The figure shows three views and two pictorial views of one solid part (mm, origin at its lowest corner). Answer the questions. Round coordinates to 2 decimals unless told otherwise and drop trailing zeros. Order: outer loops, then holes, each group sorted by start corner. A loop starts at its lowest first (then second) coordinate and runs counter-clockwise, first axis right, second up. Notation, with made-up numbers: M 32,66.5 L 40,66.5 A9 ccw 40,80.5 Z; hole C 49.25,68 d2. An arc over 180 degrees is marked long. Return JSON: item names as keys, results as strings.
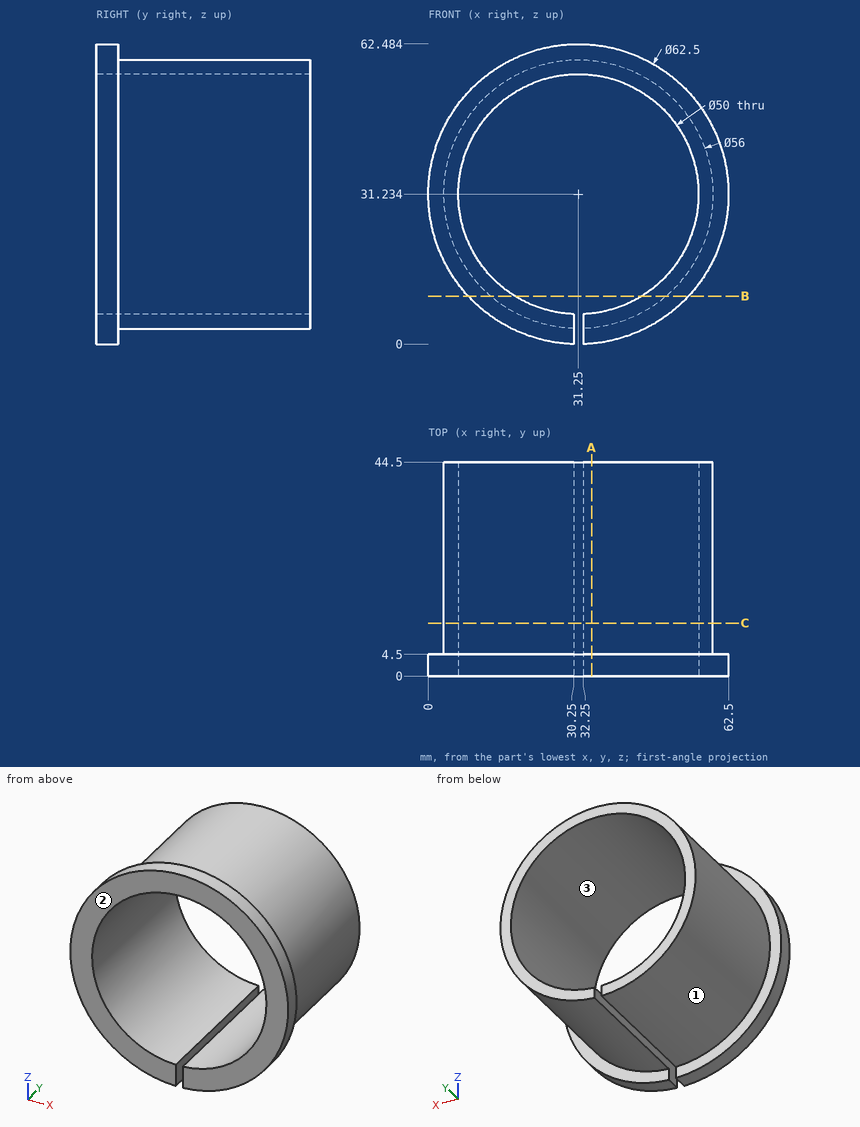
Item 1: Each of these flat-tipped pins is pushed along its axis until it touches: pin 1 (5 mm diameter, centred on y = 35, z = 48.5, fed in from -X); pin 2 (3 mm diameter, centred on y = 23.5, z = 43.5, fed in from +X); pin 3 (10 mm diameter, centred on y = 37, z = 53, fed in from -X); pin 4 (2 mm diameter, centred on x = 49, z = 17.5, fed in from -Y). Where does it stop, or does it pass through?
Output:
{"pin 1": "stops at x = 7.46", "pin 2": "stops at x = 57.1", "pin 3": "stops at x = 8.82", "pin 4": "passes through"}
Item 2: The mould has two halves that part along Z. Classify the marked faces 1, 2 and 3: pulls with the +Z half, pulls with the -Z half, needs draft (parallel to the pull), parting line crosses it, or undercut.
Output:
{"face 1": "parting line crosses it", "face 2": "needs draft", "face 3": "undercut"}
Item 3: Find section B-B (z = 10). Determine the outline of the cut face in (x, y), plus the area to 3 significant figures.
Output:
{"outline": "M 8.32,0 L 18.05,0 L 18.05,44.5 L 13,44.5 L 13,4.5 L 8.32,4.5 Z; M 44.45,0 L 54.18,0 L 54.18,4.5 L 49.5,4.5 L 49.5,44.5 L 44.45,44.5 Z", "area": "492 mm^2"}
Item 4: Find section A-A (x = 34). Determine the outline of the cut face in (y, z).
Output:
{"outline": "M 0,0.11 L 4.5,0.11 L 4.5,3.37 L 44.5,3.37 L 44.5,6.39 L 0,6.39 Z; M 0,56.08 L 44.5,56.08 L 44.5,59.1 L 4.5,59.1 L 4.5,62.36 L 0,62.36 Z"}
Item 5: Consider line 1 along Y through (x, z) = (56, 17.5); line 2 along X through (y, z) = (25.5, 43.5); line 3 along Z through (x, y) = (53.5, 25.5) (3 decimals). Determine where each line is inside the solid, lowest interval first. Write a range as [from, to].
Output:
{"line 1": "y = [0, 4.5]", "line 2": "x = [6.08, 9.47], [53.03, 56.42]", "line 3": "z = [14.236, 19.835], [42.633, 48.232]"}
Item 6: Find section C-C (y = 11). Determine the outline of the cut face in (x, z).
Output:
{"outline": "M 30.25,3.25 L 30.25,6.25 A25 cw long 32.25,6.25 L 32.25,3.25 A28 ccw long Z"}
---*---
◆ Problem to work on
An exact reproduction of the material above is needed, without its pictures.

◆ Result of this task
The figure shows three views and two pictorial views of one solid part (mm, origin at its lowest corner). Answer the questions. Round coordinates to 2 decimals unless told otherwise and drop trailing zeros. Order: outer loops, then holes, each group sorted by start corner. A loop starts at its lowest first (then second) coordinate and runs counter-clockwise, first axis right, second up. Notation, with made-up numbers: M 32,66.5 L 40,66.5 A9 ccw 40,80.5 Z; hole C 49.25,68 d2. An arc over 180 degrees is marked long. Return JSON: item names as keys, results as strings.
Item 1: Each of these flat-tipped pins is pushed along its axis until it touches: pin 1 (5 mm diameter, centred on y = 35, z = 48.5, fed in from -X); pin 2 (3 mm diameter, centred on y = 23.5, z = 43.5, fed in from +X); pin 3 (10 mm diameter, centred on y = 37, z = 53, fed in from -X); pin 4 (2 mm diameter, centred on x = 49, z = 17.5, fed in from -Y). Where does it stop, or does it pass through?
Output:
{"pin 1": "stops at x = 7.46", "pin 2": "stops at x = 57.1", "pin 3": "stops at x = 8.82", "pin 4": "passes through"}
Item 2: The mould has two halves that part along Z. Classify the marked faces 1, 2 and 3: pulls with the +Z half, pulls with the -Z half, needs draft (parallel to the pull), parting line crosses it, or undercut.
Output:
{"face 1": "parting line crosses it", "face 2": "needs draft", "face 3": "undercut"}
Item 3: Find section B-B (z = 10). Determine the outline of the cut face in (x, y), plus the area to 3 significant figures.
Output:
{"outline": "M 8.32,0 L 18.05,0 L 18.05,44.5 L 13,44.5 L 13,4.5 L 8.32,4.5 Z; M 44.45,0 L 54.18,0 L 54.18,4.5 L 49.5,4.5 L 49.5,44.5 L 44.45,44.5 Z", "area": "492 mm^2"}
Item 4: Find section A-A (x = 34). Determine the outline of the cut face in (y, z).
Output:
{"outline": "M 0,0.11 L 4.5,0.11 L 4.5,3.37 L 44.5,3.37 L 44.5,6.39 L 0,6.39 Z; M 0,56.08 L 44.5,56.08 L 44.5,59.1 L 4.5,59.1 L 4.5,62.36 L 0,62.36 Z"}
Item 5: Consider line 1 along Y through (x, z) = (56, 17.5); line 2 along X through (y, z) = (25.5, 43.5); line 3 along Z through (x, y) = (53.5, 25.5) (3 decimals). Determine where each line is inside the solid, lowest interval first. Write a range as [from, to].
Output:
{"line 1": "y = [0, 4.5]", "line 2": "x = [6.08, 9.47], [53.03, 56.42]", "line 3": "z = [14.236, 19.835], [42.633, 48.232]"}
Item 6: Find section C-C (y = 11). Determine the outline of the cut face in (x, z).
Output:
{"outline": "M 30.25,3.25 L 30.25,6.25 A25 cw long 32.25,6.25 L 32.25,3.25 A28 ccw long Z"}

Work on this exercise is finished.